EFFECTS OF THE INVENTION In the present invention, as described above, the light emitting circuit 1 has a plurality of light emitting frequencies, and the light emitting circuit 1 is arbitrarily selected one by one according to the random number generated by the random number generating circuit 9. The light signal received by the light receiving circuit 2 is processed at the same time that the light emission frequency of the light receiving circuit 2 is changed according to the change of the light emitting frequency. The probability of occurring can be reduced, so that the number of arranged photoelectric detection devices is not restricted.

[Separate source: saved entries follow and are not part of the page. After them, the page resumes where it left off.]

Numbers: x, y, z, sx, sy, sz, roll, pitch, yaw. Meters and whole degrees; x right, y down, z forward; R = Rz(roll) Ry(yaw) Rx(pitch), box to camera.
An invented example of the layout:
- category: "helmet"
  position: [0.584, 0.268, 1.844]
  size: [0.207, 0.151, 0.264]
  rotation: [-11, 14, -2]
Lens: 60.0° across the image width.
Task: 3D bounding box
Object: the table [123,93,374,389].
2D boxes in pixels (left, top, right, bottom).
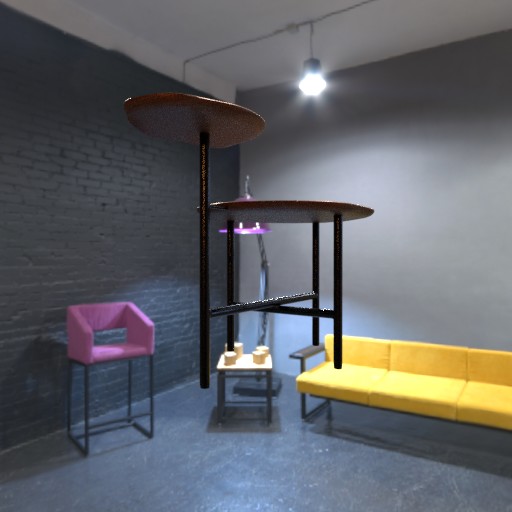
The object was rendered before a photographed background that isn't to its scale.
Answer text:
- category: "table"
  position: [0.000, 0.000, 1.065]
  size: [0.442, 0.538, 0.759]
  rotation: [0, 1, 36]
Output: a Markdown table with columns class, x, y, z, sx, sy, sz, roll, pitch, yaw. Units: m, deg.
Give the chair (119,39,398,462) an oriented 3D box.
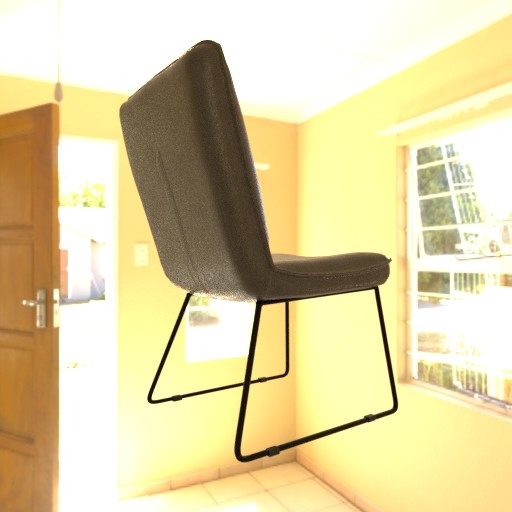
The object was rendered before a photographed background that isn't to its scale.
| class | x | y | z | sx | sy | sz | roll | pitch | yaw |
| --- | --- | --- | --- | --- | --- | --- | --- | --- | --- |
| chair | 0.000 | 0.000 | 1.318 | 0.688 | 0.932 | 0.515 | 0 | 0 | -37 |
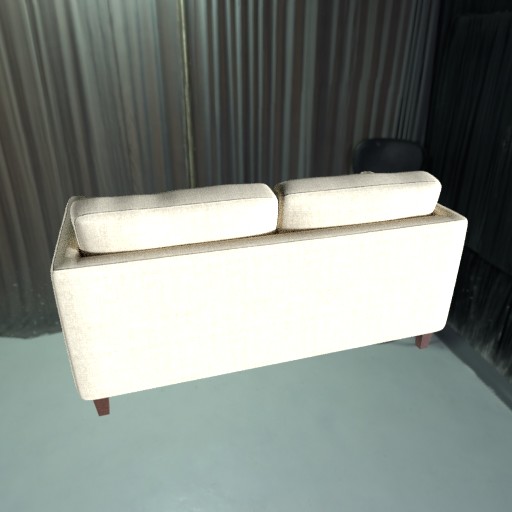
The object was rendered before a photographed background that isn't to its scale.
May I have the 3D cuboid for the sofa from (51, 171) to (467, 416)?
[{"bbox_3d":[0.000,0.000,2.385,1.884,0.963,0.950,-7,27,-15],"label":"sofa"}]

That is, assuming that the number of light emission frequencies of the light emitting circuit 1 is N and the number of light emission species by the random number generating circuit 9 is r, the probability of mutual interference is represented by 1 / N ^{r + 1} .

Therefore, if the number N of light emission frequencies cannot be increased, the number of switching times r may be increased. This relationship is always established between any two photoelectric detection devices and is therefore completely unaffected by the number of devices. By the way, if the number N of emission frequencies is 10 and the number of switching times r is 4, the probability of malfunction is 1/10 ⁵ = 0.01%.

[Brief description of drawings]

FIG. 1 is a block diagram showing a photoelectric detection device according to an embodiment of the present invention, and FIG. 2 shows the relationship between the random number generated by the random number generation circuit and the light emission frequency of the light emission circuit and its cycle. FIG. 3 is an explanatory diagram for explaining, and FIG. 3 is a timing diagram for explaining the operation in FIG. 1 ... Light emitting circuit 2 ... Light receiving circuit 3 ... Light emitting element 4 ... Light receiving element 5 ... Amplifying circuit 6 ... Level discriminating circuit 7 ... Signal processing circuit 8 ... Output circuit 9 ... Random number generating circuit 10 ... … Synchronizing circuit 11 …… Detected object

Claims (1)

(57) [Claims] 1. A light emitting circuit (1) having a plurality of light emitting frequencies.
And a light receiving circuit (2) for receiving the light projected from the light emitting circuit (1) and reflected by the object to be detected (11)
And a function of generating a random number corresponding to each light emitting frequency of the light emitting circuit (1) and selecting one of the light emitting frequencies of the light emitting circuit (1) one by one and having a predetermined cycle. A random number generating circuit (9) having a function of changing the light emission frequency, a synchronizing circuit (10) for synchronizing the output of the light emitting circuit (1) and the light receiving output of the light receiving circuit (2), and this synchronizing circuit ( A signal processing circuit (7) for processing the light receiving output of the light receiving circuit (2) synchronized by 10) and an output circuit (8) for outputting the signal processed by the signal processing circuit (7), One of the light emitting frequencies of the light emitting circuit (1) is selected according to the random number generated by the random number generating circuit (9), and the light emitting frequency is changed at regular intervals, and the light receiving circuit (2) is further selected. Received by A reflection type photoelectric detection device, which processes and outputs the received optical signal in accordance with the change of the emission frequency in each cycle.